A mass is suspended from a vertica spring which is executing SHM of frequency 5 Hz.
The spring is unstretched at the highest point of oscillation. Maximum speed of the mass is (take, acceleration due to gravity, `g=10m//s^(2)` )
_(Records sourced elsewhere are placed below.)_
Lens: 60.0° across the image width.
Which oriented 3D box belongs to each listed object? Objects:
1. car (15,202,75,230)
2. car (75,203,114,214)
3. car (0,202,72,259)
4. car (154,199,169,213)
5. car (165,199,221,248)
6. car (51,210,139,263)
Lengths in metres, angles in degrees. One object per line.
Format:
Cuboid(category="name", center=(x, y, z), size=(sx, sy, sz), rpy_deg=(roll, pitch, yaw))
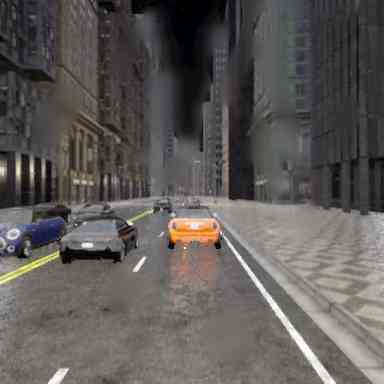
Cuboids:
Cuboid(category="car", center=(-9.757, 1.495, 22.556), size=(1.882, 1.535, 5.008), rpy_deg=(0, 0, 0))
Cuboid(category="car", center=(-6.507, 1.526, 22.464), size=(1.837, 1.490, 4.892), rpy_deg=(0, 0, 0))
Cuboid(category="car", center=(-6.546, 1.361, 12.628), size=(2.097, 1.767, 4.553), rpy_deg=(0, 0, 0))
Cuboid(category="car", center=(-3.148, 1.533, 36.919), size=(1.837, 1.490, 4.892), rpy_deg=(0, 0, 0))
Cuboid(category="car", center=(0.100, 1.363, 14.993), size=(2.097, 1.767, 4.553), rpy_deg=(0, 0, 0))
Cuboid(category="car", center=(-3.149, 1.573, 12.017), size=(1.994, 1.385, 4.181), rpy_deg=(0, 0, 0))
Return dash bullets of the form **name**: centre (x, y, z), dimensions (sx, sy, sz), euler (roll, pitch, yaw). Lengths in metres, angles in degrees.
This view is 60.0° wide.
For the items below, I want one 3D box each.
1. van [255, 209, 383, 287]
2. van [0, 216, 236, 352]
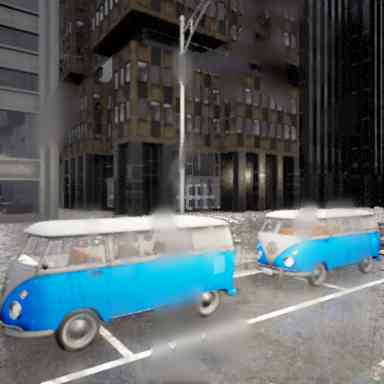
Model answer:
- **van**: centre (3.524, 1.384, 9.160), dimensions (3.998, 1.788, 1.690), euler (0, 0, -35)
- **van**: centre (-1.070, 1.355, 5.887), dimensions (3.998, 1.788, 1.690), euler (0, 0, -35)
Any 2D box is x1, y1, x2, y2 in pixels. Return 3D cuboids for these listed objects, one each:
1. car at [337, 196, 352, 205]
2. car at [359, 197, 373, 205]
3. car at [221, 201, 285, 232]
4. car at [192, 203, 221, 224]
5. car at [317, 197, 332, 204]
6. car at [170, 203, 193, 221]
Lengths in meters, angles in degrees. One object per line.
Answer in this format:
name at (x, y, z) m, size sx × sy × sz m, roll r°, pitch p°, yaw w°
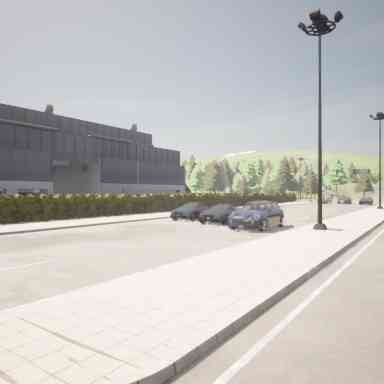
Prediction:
car at (27.655, 1.515, 60.203) m, size 2.128 × 1.511 × 4.902 m, roll 0°, pitch 0°, yaw 35°
car at (30.520, 1.547, 58.192) m, size 2.033 × 1.411 × 5.357 m, roll 0°, pitch 0°, yaw 35°
car at (3.986, 1.352, 20.217) m, size 2.097 × 1.767 × 4.553 m, roll 0°, pitch 0°, yaw 35°
car at (2.214, 1.564, 23.786) m, size 1.994 × 1.385 × 4.181 m, roll 0°, pitch 0°, yaw 35°
car at (24.758, 1.653, 62.166) m, size 1.895 × 1.301 × 4.718 m, roll 0°, pitch 0°, yaw 35°
car at (0.089, 1.564, 26.853) m, size 1.994 × 1.385 × 4.181 m, roll 0°, pitch 0°, yaw 35°
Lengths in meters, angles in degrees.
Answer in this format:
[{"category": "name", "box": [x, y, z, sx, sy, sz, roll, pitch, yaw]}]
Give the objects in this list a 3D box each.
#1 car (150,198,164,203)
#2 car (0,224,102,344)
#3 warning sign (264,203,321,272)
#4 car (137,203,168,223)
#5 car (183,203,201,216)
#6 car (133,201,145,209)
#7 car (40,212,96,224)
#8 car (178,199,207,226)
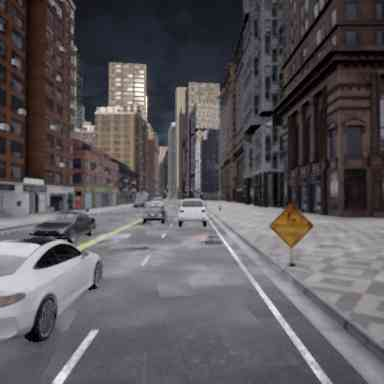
[{"category": "car", "box": [-6.515, 2.088, 62.306, 2.150, 2.045, 5.566, 0, -1, 0]}, {"category": "car", "box": [-3.151, 1.616, 6.478, 1.812, 1.442, 4.674, 0, -1, 0]}, {"category": "warning sign", "box": [2.848, 1.247, 9.547, 1.300, 1.860, 1.060, 0, -1, 0]}, {"category": "car", "box": [-3.150, 1.946, 29.123, 2.033, 1.411, 5.357, 0, -1, 0]}, {"category": "car", "box": [0.044, 2.106, 40.686, 2.033, 1.411, 5.357, 0, -1, 1]}, {"category": "car", "box": [-9.762, 2.410, 62.271, 2.033, 1.411, 5.357, 0, -1, 0]}, {"category": "car", "box": [-6.586, 1.790, 17.674, 2.033, 1.411, 5.357, 0, -1, 1]}, {"category": "car", "box": [0.051, 1.585, 26.702, 2.150, 2.045, 5.566, 0, -1, 0]}]
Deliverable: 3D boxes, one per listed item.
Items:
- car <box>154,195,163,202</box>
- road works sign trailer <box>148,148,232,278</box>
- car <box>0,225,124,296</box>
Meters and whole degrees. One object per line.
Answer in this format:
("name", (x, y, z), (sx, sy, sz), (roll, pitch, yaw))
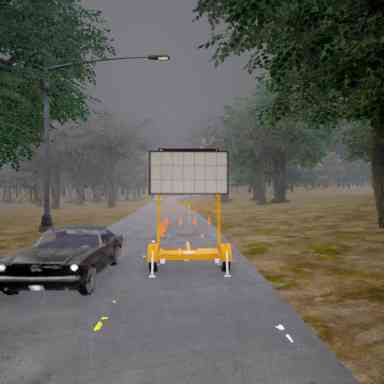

To find the maximum speed of a mass suspended from a vertical spring executing simple harmonic motion (SHM) with a frequency of 5 Hz, we can follow these steps: ### Step 1: Understand the relationship between frequency, spring constant, and mass The frequency \( f \) of a mass-spring system in SHM is given by the formula: \[ f = \frac{1}{2\pi} \sqrt{\frac{k}{m}} \] where \( k \) is the spring constant and \( m \) is the mass. ### Step 2: Rearrange the formula to find \( \frac{k}{m} \) From the frequency equation, we can rearrange it to find \( \frac{k}{m} \): \[ \sqrt{\frac{k}{m}} = 2\pi f \] Squaring both sides gives: \[ \frac{k}{m} = (2\pi f)^2 \] ### Step 3: Substitute the given frequency Substituting \( f = 5 \, \text{Hz} \): \[ \frac{k}{m} = (2\pi \cdot 5)^2 = (10\pi)^2 = 100\pi^2 \] ### Step 4: Find the amplitude of the oscillation At the highest point of oscillation, the spring is unstretched, and the maximum extension (amplitude \( A \)) can be expressed as: \[ A = \frac{mg}{k} \] Since \( k = \frac{100\pi^2 m}{1} \) from the previous step, we can substitute this into the amplitude equation: \[ A = \frac{mg}{\frac{100\pi^2 m}{1}} = \frac{g}{100\pi^2} \] ### Step 5: Calculate the maximum speed The maximum speed \( V_{\text{max}} \) in SHM is given by: \[ V_{\text{max}} = \omega A \] where \( \omega = 2\pi f \). We already know \( f = 5 \, \text{Hz} \), so: \[ \omega = 2\pi \cdot 5 = 10\pi \] Now substituting for \( A \): \[ V_{\text{max}} = 10\pi \cdot \frac{g}{100\pi^2} \] Substituting \( g = 10 \, \text{m/s}^2 \): \[ V_{\text{max}} = 10\pi \cdot \frac{10}{100\pi^2} = \frac{100\pi}{100\pi^2} = \frac{1}{\pi} \] ### Final Answer Thus, the maximum speed of the mass is: \[ V_{\text{max}} = \frac{1}{\pi} \, \text{m/s} \] ---